W „Dzienniku czynności” mjr dypl. Jan Jaźwiński oficer wywiadu z Oddziału VI (Specjalnego) Sztabu Naczelnego Wodza, Szef Wydziału Specjalnego (S), organizator lotniczego wsparcia Armii Krajowej (zrzutów do Polski) odnotował:
„Dnia 13.III.43. uruchomiony został Plan Startu – wariant „osiem 2103” [zrzutów]; jak następuje: Lot Nr.: 36/47, ekipa BRICK, ludzi: Dąb plus 3 (…) placówka zasadn. Wół, zapas. Żaba, nawigator squ/ldr Boxer, załoga brytyjska, start godz. 18.40; Lot Nr.: 37/38, ekipa WINDOW, ludzi: Wołk plus 3 (…) placówka zasadn. Żbik, zapas. Hiena, nawigator kpt. obs. Kużnicki, załoga polska, start godz. 18.35; Lot Nr.: 38/49, ekipa TILE, ludzi: Sum plus 3 (…) placówka zasadn. Olcha, zapas. rej.3, nawigator por. obs. Gembik, załoga polska, start godz. 18.30; Lot Nr.: 39/50, ekipa STOCK, ludzi: Antoni plus 3 (…) placówka zasadn. Koza, zapas. Bratek, nawigator kpt. obs. Ławreńczuk, załoga polska, start godz. 18.50; Lot Nr.: 40/51, ekipa DOOR, ludzi: Ulewa plus 3 (…) placówka zasadn. Kra, zapas. Bat, nawigator F/Lt.. Austin, załoga brytyjska, start godz. 18.45; Lot Nr.: 41/52, SLATE, 6 paczek: M1, M2, M3, M4, PLT, R. (…) placówka zasadn. Wrona, nawigator F/o Wynne, załoga brytyjska, start godz. 19.05; Lot Nr.: 42/53, YARD, 6 paczek: 01, 02, 03, 04, 05, R. (…) placówka zasadn. Kaczka, nawigator F/o Foster, załoga brytyjska, start godz. 19.00; Lot Nr.: 43/54, AREA, 6 paczek: M1, M2, M3, M4, 05, R. (…) placówka zasadn. Kot, nawigator kpt. obs. Gryglewicz, załoga polska, start godz. 18.55;”.

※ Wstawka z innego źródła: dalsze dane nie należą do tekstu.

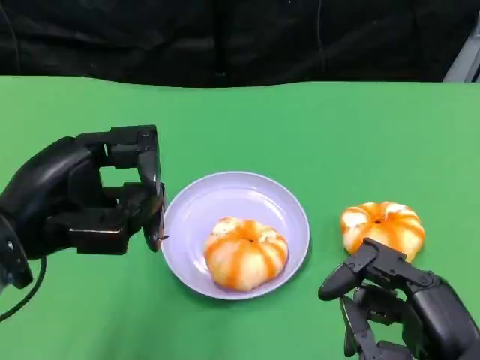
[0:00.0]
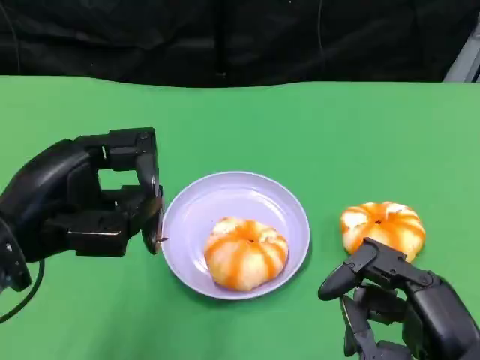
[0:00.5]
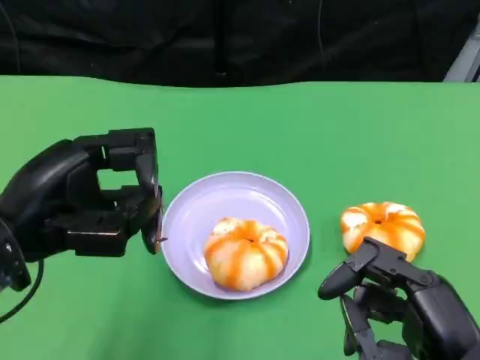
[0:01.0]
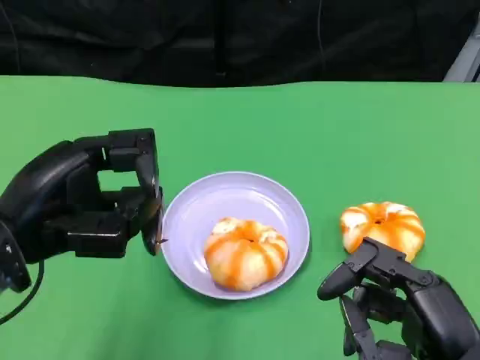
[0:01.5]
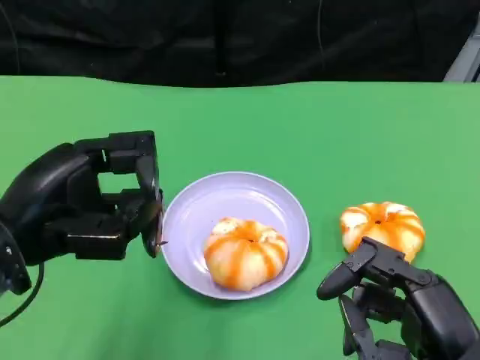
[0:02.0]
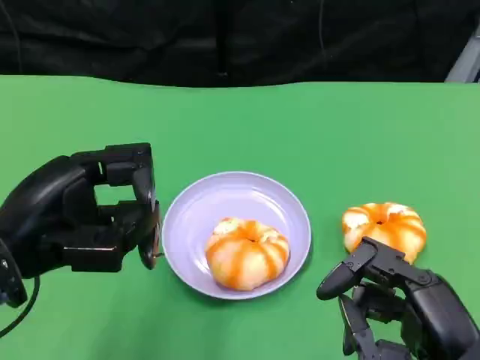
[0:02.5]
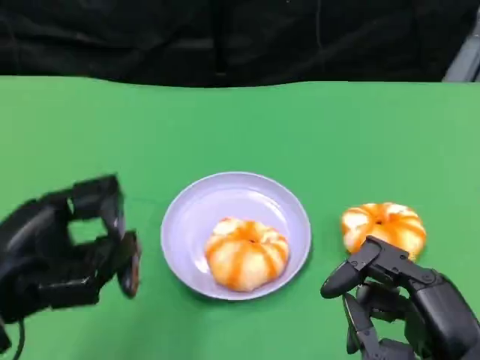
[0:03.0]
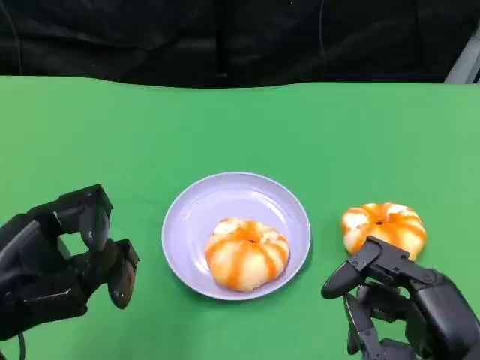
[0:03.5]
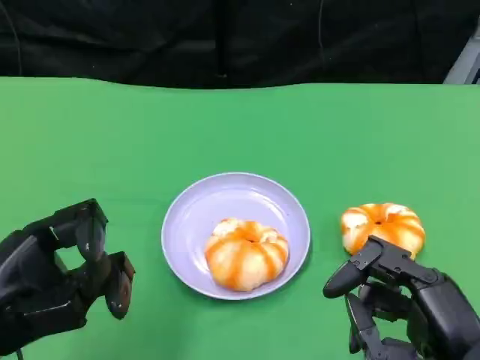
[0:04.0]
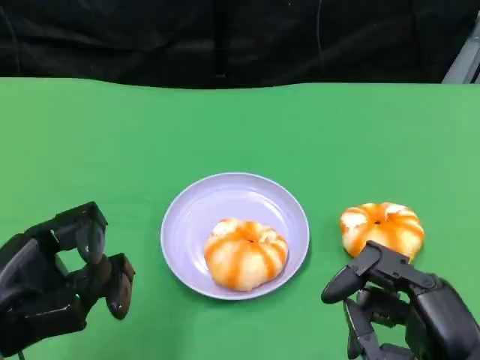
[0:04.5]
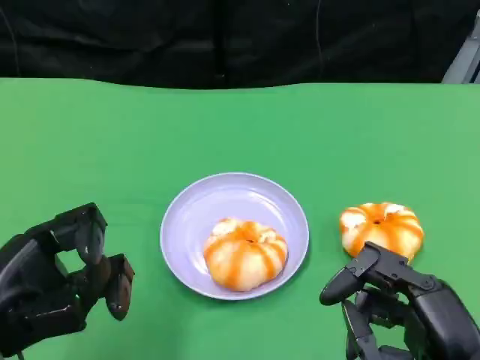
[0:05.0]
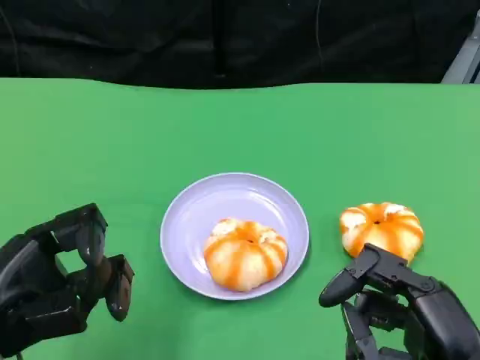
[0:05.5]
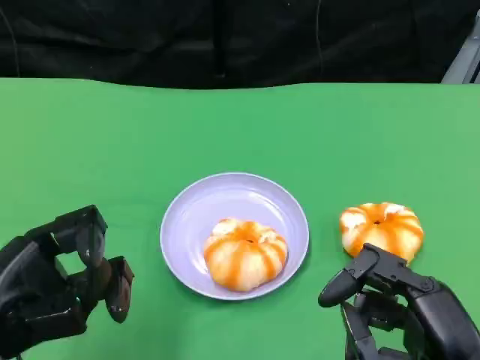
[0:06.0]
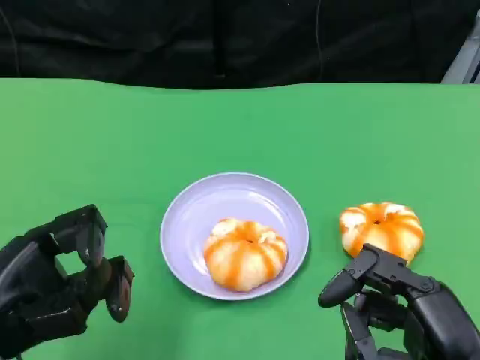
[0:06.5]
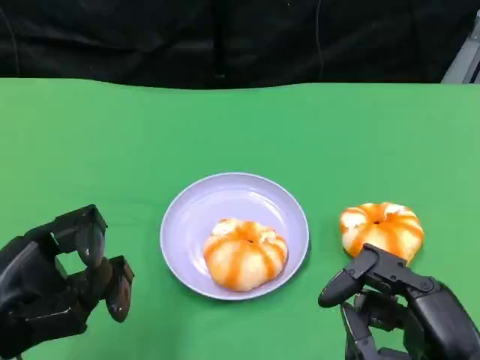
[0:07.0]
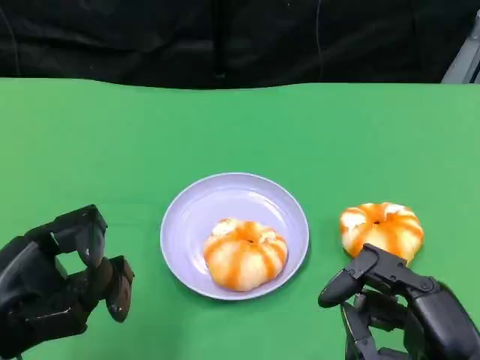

Dn. 14.III. nawigatorzy zameldowali: – lot 36/47 wykonany na plac. odb. WÓŁ, zrzut jak plan. (543.000 dol. i 126.000 Rm), .- lot 37/48 wykonany na plac. odb. ŻBIK, zrzut jak plan. (744.000 dol.), – lot 38/49 wykonany na plac. odb. OLCHA, zrzut jak plan. (616.500 dol. i 547.000 Rm), – lot 39/50 wykonany na plac. odb. KOZA, zrzut jak plan. (450.000 dol. i 10.000 peset), – lot 40/51 wykonany na plac. odb. KRA, zrzut jak plan. (395.000 dol.), – lot 41/52 – nawalił dopływ benzyny – 20 min. od plac. – samolot zawrócił, – lot 42/53 – nawigator twierdzi, że plac. odb. nie dała 1944 [sygnałów świetlnych]. DZIĘKI CI WIELKI BOŻE! Wspaniała i szczęśliwa defilada – d l a K r a j u !
Nastrój załóg, ekip i Wydz. „S”: w r e s z c i e w y s t a r t o w a l i ś m y. Łącznie przerzucono, w sześciu wykonanych lotach – na placówki: 20 ludzi, 2.748.000 dol., 673.000 Rmk., 10.000 peset, trzy poczty (…) i 6 paczek mat. ” (s. 164)
Zobacz: Oddział VI (Specjalny) – Zawartość zasobników i paczek
Jerzy Straszak – „Szkoła szpiegów”
w: Zeszyty Historyczne nr 115, s. 122 – 144, Instytut Literacki, Paryż 1996
Po skoku i aklimatyzacji do realiów okupacyjnych przydzielony do Oddziału II (wywiad) Komendy Głównej AK jako oficer referatu „Zachód”, kierownik śląskiej ekspozytury wywiadowczej, działającej pod kryptonimami „1AW”, następnie „51KK”. M.in. pozyskał informacje nt. sposobu produkcji stali do produkcji tzw. kieszonkowych łodzi podwodnych.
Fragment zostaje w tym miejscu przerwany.